With the age of online firmly taking hold across the majority of industries worldwide, companies and regulators alike are searching for ways to fight back the rising tide of financial crime the endangers the online lives of consumers worldwide.

According to KYC Portal CEO Kristoff Zammit Ciantar, collaboration in this area may be the order of the day. He professed, “Regulators will start to collaborate in strengthening defences to fight organized crimes. Many of the known regulatory bodies and technology providers have already begun taking part in projects that develop innovative AI technology to enhance investigations by enabling Law Enforcement Agencies to analyse and visualise different forms of data from various sources in order to combat cross border crimes and organisations, detect and disrupt respective illicit money flows and cybercrime.

“There will be an increase in the need for digital transformation. Organisations have been steadily moving from manual KYC processes to more automated systems with integrated workflow capabilities. Digital onboarding and ID verification is key and as the world starts witnessing the benefits of such automated solutions making remote KYC identification verification faster, easier and secure, digital transformation is sure to emerge as an essential tool for seamless cross-border financial services.”

Ciantar – as well as Bailey – believes the importance of perpetual KYC will become more prominent. He stated that constantly having updated data on subjects is ‘of utmost importance and ensures you are totally compliant with regulatory requirements are up-to-date at all times. He concluded, “Data procured from external sources and integrated with your KYC system will offer the opportunity to collate, assess and corroborate the digital footprint of existing and potential customers in real time, creating a 360 degree view.

Growth and standards

Going into the new year, many RegTech companies will be looking towards what comes of the pandemic – and what new challenges will arise from any newly-imposed restrictions. Kunal Grover – head of business development for Zeidler Group – believes there is still much to be achieved by the industry.

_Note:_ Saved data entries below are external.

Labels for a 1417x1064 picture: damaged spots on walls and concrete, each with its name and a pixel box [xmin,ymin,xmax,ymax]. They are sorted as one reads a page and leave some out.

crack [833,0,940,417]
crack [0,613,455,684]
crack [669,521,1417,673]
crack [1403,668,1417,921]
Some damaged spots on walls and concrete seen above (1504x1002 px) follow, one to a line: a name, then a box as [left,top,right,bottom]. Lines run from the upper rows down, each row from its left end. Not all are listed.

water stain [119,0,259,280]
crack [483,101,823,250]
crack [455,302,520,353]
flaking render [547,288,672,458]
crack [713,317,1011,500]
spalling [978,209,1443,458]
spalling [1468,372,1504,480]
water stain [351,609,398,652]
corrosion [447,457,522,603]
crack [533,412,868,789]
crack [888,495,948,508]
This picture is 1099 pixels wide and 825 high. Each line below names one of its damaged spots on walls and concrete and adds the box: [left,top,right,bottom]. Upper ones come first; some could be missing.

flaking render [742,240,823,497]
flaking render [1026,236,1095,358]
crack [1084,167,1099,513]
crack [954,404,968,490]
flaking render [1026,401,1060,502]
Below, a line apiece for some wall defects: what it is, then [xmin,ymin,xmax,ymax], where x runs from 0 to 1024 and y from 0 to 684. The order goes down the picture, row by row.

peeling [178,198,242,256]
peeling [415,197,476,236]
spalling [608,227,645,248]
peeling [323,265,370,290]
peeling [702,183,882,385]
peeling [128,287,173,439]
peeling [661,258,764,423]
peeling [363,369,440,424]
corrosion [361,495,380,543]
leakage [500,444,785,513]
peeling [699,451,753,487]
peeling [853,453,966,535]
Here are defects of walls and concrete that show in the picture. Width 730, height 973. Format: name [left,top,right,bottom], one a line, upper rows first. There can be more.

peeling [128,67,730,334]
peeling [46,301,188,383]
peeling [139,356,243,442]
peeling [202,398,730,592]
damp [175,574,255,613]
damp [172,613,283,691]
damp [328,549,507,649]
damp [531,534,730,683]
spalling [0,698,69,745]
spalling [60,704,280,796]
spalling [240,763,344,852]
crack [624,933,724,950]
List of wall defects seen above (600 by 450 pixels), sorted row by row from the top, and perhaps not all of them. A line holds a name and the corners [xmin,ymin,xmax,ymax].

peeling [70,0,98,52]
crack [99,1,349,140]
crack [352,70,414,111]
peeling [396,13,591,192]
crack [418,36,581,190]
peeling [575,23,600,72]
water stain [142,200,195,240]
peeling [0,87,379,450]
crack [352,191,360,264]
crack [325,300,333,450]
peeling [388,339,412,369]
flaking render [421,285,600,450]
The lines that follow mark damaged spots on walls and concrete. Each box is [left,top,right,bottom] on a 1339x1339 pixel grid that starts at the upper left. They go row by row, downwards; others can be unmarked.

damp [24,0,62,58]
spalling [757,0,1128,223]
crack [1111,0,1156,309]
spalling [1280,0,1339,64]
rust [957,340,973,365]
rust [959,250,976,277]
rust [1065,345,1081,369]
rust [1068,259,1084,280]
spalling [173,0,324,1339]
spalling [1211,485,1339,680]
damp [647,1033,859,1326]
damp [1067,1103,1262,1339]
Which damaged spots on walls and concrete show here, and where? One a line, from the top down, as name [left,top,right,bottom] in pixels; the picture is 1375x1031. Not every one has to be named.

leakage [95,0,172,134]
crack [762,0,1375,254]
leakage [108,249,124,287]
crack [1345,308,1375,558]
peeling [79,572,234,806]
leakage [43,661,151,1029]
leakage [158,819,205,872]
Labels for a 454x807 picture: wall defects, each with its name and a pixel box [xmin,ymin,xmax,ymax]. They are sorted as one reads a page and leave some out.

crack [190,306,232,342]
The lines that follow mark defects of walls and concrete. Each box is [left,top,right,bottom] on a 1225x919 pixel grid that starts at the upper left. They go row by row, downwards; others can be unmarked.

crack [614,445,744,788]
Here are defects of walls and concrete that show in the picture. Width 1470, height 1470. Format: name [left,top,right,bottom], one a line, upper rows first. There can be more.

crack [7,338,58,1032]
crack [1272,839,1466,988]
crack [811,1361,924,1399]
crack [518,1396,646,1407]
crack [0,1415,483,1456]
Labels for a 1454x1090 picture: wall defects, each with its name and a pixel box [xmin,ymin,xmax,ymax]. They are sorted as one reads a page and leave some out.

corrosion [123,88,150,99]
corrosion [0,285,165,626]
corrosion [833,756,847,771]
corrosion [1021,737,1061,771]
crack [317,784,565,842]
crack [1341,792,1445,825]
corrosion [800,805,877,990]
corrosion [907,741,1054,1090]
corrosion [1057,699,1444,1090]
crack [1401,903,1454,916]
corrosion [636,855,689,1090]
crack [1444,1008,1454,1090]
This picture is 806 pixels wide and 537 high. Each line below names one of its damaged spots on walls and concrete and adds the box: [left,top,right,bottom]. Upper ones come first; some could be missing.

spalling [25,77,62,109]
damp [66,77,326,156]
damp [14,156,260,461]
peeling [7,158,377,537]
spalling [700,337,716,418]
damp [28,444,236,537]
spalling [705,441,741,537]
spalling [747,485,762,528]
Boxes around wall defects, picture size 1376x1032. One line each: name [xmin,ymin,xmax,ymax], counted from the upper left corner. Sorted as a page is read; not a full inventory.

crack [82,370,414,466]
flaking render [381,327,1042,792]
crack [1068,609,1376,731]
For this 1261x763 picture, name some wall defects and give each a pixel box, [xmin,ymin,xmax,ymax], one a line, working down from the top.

He stated, “I believe that the demand for Regtech services will continue to grow in 2022 as there is still a lot of room for the industry to grow further. The increased demand is due to various factors including the impact of Covid-19, the desire of asset management firms to streamline their legal and compliance processes, cost savings and efficiencies and increased regulatory demands, Additionally, I believe legal and compliance executives at asset management firms have realised that they need to strongly consider moving to technology solutions to better manage their day-to-day tasks.”

Grover mentioned the trends for the new year he sees are as a result of the ongoing regulatory obligations on asset managers in areas such as SFDR reporting, EETs and PRIIPS KID amongst others. He remarked that he expects more asset managers wanting to outsource the creation of bespoke software solutions instead of buying off the shelf solutions from service providers.

He concluded, “Lastly, I would say that we may find that with remote work likely to last in some shape or form, asset management firms are looking to further invest in technology solutions to promote productivity and collaboration.”

In addition – Ashim Banerjee – CEO of IDMission – minimum performance standards will become a new norm for regulators going forward. He remarked, “Regtech today comprises a series of technology components that are required for financial service providers to remain compliant. We expect regulators will go beyond just specifying technologies and also demand minimum performance standards. In the case of AI driven technologies these will probably be represented by published minimum standards for Accuracy, Precision and Recall.”